_LISTED ENTRIES_
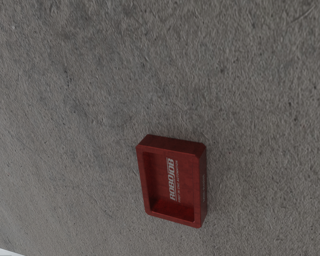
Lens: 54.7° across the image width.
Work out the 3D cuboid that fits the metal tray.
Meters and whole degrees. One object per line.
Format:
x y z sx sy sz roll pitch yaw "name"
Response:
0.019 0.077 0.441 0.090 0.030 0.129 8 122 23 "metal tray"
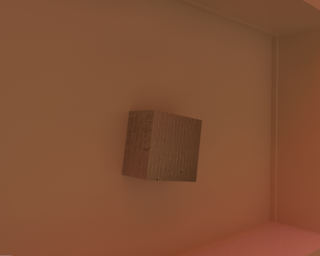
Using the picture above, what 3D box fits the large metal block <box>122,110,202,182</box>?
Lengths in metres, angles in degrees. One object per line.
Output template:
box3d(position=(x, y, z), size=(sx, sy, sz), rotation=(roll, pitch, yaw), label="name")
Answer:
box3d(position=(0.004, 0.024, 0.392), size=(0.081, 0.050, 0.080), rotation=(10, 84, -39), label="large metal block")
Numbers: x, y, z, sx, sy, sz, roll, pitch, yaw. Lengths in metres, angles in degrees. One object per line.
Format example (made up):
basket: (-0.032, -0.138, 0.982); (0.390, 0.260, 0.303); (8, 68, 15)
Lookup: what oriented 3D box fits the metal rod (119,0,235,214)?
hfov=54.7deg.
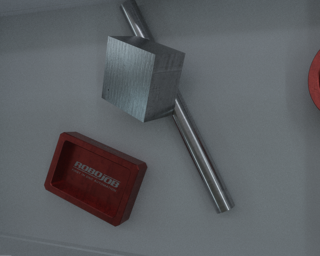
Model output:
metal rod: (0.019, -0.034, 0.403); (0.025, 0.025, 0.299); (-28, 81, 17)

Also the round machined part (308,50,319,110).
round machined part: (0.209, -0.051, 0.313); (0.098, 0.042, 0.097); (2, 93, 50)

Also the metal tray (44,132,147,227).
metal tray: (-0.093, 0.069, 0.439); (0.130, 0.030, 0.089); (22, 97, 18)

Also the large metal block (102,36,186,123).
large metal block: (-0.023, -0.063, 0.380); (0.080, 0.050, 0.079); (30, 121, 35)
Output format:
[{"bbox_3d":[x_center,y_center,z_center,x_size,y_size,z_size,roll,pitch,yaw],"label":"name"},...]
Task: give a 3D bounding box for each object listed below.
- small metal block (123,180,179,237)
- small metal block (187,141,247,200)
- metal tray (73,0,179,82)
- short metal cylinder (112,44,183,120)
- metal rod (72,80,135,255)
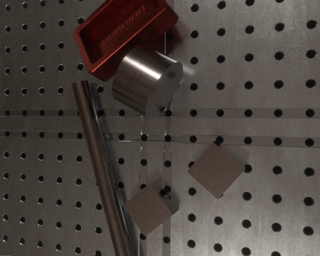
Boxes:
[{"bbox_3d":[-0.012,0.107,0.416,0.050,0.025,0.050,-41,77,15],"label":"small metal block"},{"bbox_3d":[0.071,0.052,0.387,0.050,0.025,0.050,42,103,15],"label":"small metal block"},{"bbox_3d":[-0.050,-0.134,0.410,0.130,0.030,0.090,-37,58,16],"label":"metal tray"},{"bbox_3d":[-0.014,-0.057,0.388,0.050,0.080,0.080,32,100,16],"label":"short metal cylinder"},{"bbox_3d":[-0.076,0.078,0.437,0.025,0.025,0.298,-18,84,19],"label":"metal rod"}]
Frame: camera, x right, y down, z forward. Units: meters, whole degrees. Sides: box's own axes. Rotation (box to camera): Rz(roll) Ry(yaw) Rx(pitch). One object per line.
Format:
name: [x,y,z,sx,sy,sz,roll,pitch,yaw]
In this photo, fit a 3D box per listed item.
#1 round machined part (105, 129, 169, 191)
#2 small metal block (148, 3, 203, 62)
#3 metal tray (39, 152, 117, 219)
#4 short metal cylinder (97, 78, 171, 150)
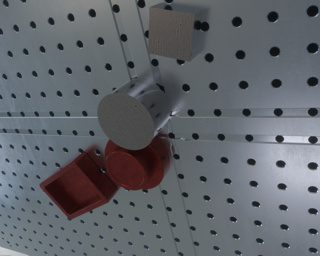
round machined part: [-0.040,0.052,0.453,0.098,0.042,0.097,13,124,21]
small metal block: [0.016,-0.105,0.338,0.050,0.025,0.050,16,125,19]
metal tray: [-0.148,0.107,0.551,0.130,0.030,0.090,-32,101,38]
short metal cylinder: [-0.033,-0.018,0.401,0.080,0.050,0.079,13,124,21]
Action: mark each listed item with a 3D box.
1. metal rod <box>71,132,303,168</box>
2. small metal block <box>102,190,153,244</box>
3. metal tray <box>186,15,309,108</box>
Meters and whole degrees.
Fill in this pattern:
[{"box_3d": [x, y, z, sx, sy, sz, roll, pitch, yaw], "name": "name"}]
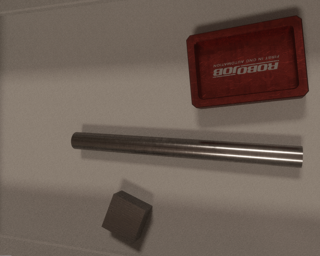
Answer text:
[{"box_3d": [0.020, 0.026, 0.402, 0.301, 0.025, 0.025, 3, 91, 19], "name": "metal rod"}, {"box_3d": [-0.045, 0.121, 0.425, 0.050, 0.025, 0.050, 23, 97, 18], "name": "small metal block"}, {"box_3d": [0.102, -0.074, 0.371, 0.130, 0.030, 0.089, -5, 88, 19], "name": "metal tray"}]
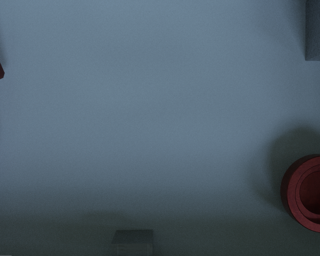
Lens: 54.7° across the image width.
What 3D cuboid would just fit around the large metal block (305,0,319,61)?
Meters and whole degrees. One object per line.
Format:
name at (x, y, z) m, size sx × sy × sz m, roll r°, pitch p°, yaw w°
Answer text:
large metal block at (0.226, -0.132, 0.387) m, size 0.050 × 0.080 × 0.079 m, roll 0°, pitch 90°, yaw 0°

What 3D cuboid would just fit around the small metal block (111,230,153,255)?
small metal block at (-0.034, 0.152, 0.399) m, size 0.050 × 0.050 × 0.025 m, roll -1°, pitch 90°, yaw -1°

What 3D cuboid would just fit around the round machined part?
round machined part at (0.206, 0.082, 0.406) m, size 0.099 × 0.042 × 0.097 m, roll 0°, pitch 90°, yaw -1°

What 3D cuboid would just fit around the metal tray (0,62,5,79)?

_GOAL OF THE EXERCISE_
Please output the entire listing above verbatim and omit its images.

_RESPONSE TO THE TASK_
Lens: 54.7° across the image width.
Work out the 3D cuboid that fits the metal tray.
Meters and whole degrees. One object per line.
Format:
x y z sx sy sz roll pitch yaw "name"
Response:
0.019 0.077 0.441 0.090 0.030 0.129 8 122 23 "metal tray"
Using the picture above, what 3D box fits the large metal block <box>122,110,202,182</box>?
Lengths in metres, angles in degrees. One object per line.
Output template:
box3d(position=(x, y, z), size=(sx, sy, sz), rotation=(roll, pitch, yaw), label="name")
Answer:
box3d(position=(0.004, 0.024, 0.392), size=(0.081, 0.050, 0.080), rotation=(10, 84, -39), label="large metal block")
Numbers: x, y, z, sx, sy, sz, roll, pitch, yaw. Lengths in metres, angles in degrees. One object per line.
Format example (made up):
basket: (-0.032, -0.138, 0.982); (0.390, 0.260, 0.303); (8, 68, 15)
Lookup: what oriented 3D box fits the metal rod (119,0,235,214)?
hfov=54.7deg.
Model output:
metal rod: (0.019, -0.034, 0.403); (0.025, 0.025, 0.299); (-28, 81, 17)

Also the round machined part (308,50,319,110).
round machined part: (0.209, -0.051, 0.313); (0.098, 0.042, 0.097); (2, 93, 50)

Also the metal tray (44,132,147,227).
metal tray: (-0.093, 0.069, 0.439); (0.130, 0.030, 0.089); (22, 97, 18)

Also the large metal block (102,36,186,123).
large metal block: (-0.023, -0.063, 0.380); (0.080, 0.050, 0.079); (30, 121, 35)
Output format:
[{"bbox_3d":[x_center,y_center,z_center,x_size,y_size,z_size,roll,pitch,yaw],"label":"name"},...]
Task: give a 3D bounding box for each object listed below.
- small metal block (123,180,179,237)
- small metal block (187,141,247,200)
- metal tray (73,0,179,82)
- short metal cylinder (112,44,183,120)
- metal rod (72,80,135,255)
Boxes:
[{"bbox_3d":[-0.012,0.107,0.416,0.050,0.025,0.050,-41,77,15],"label":"small metal block"},{"bbox_3d":[0.071,0.052,0.387,0.050,0.025,0.050,42,103,15],"label":"small metal block"},{"bbox_3d":[-0.050,-0.134,0.410,0.130,0.030,0.090,-37,58,16],"label":"metal tray"},{"bbox_3d":[-0.014,-0.057,0.388,0.050,0.080,0.080,32,100,16],"label":"short metal cylinder"},{"bbox_3d":[-0.076,0.078,0.437,0.025,0.025,0.298,-18,84,19],"label":"metal rod"}]
Frame: camera, x right, y down, z forward. Units: meters, whole degrees. Sides: box's own axes. Rotation (box to camera): Rz(roll) Ry(yaw) Rx(pitch). One object per line.
Format:
name: [x,y,z,sx,sy,sz,roll,pitch,yaw]
In this photo, fit a 3D box per listed item.
#1 round machined part (105, 129, 169, 191)
#2 small metal block (148, 3, 203, 62)
#3 metal tray (39, 152, 117, 219)
#4 short metal cylinder (97, 78, 171, 150)
round machined part: [-0.040,0.052,0.453,0.098,0.042,0.097,13,124,21]
small metal block: [0.016,-0.105,0.338,0.050,0.025,0.050,16,125,19]
metal tray: [-0.148,0.107,0.551,0.130,0.030,0.090,-32,101,38]
short metal cylinder: [-0.033,-0.018,0.401,0.080,0.050,0.079,13,124,21]
Action: mark each listed item with a 3D box.
1. metal rod <box>71,132,303,168</box>
2. small metal block <box>102,190,153,244</box>
3. metal tray <box>186,15,309,108</box>
Meters and whole degrees.
Fill in this pattern:
[{"box_3d": [x, y, z, sx, sy, sz, roll, pitch, yaw], "name": "name"}]
Answer text:
[{"box_3d": [0.020, 0.026, 0.402, 0.301, 0.025, 0.025, 3, 91, 19], "name": "metal rod"}, {"box_3d": [-0.045, 0.121, 0.425, 0.050, 0.025, 0.050, 23, 97, 18], "name": "small metal block"}, {"box_3d": [0.102, -0.074, 0.371, 0.130, 0.030, 0.089, -5, 88, 19], "name": "metal tray"}]
Lens: 54.7° across the image width.
What 3D cuboid would just fit around the large metal block (305,0,319,61)?
Meters and whole degrees. One object per line.
Format:
name at (x, y, z) m, size sx × sy × sz m, roll r°, pitch p°, yaw w°
Answer text:
large metal block at (0.226, -0.132, 0.387) m, size 0.050 × 0.080 × 0.079 m, roll 0°, pitch 90°, yaw 0°

What 3D cuboid would just fit around the small metal block (111,230,153,255)?
small metal block at (-0.034, 0.152, 0.399) m, size 0.050 × 0.050 × 0.025 m, roll -1°, pitch 90°, yaw -1°

What 3D cuboid would just fit around the round machined part?
round machined part at (0.206, 0.082, 0.406) m, size 0.099 × 0.042 × 0.097 m, roll 0°, pitch 90°, yaw -1°

What 3D cuboid would just fit around the metal tray (0,62,5,79)?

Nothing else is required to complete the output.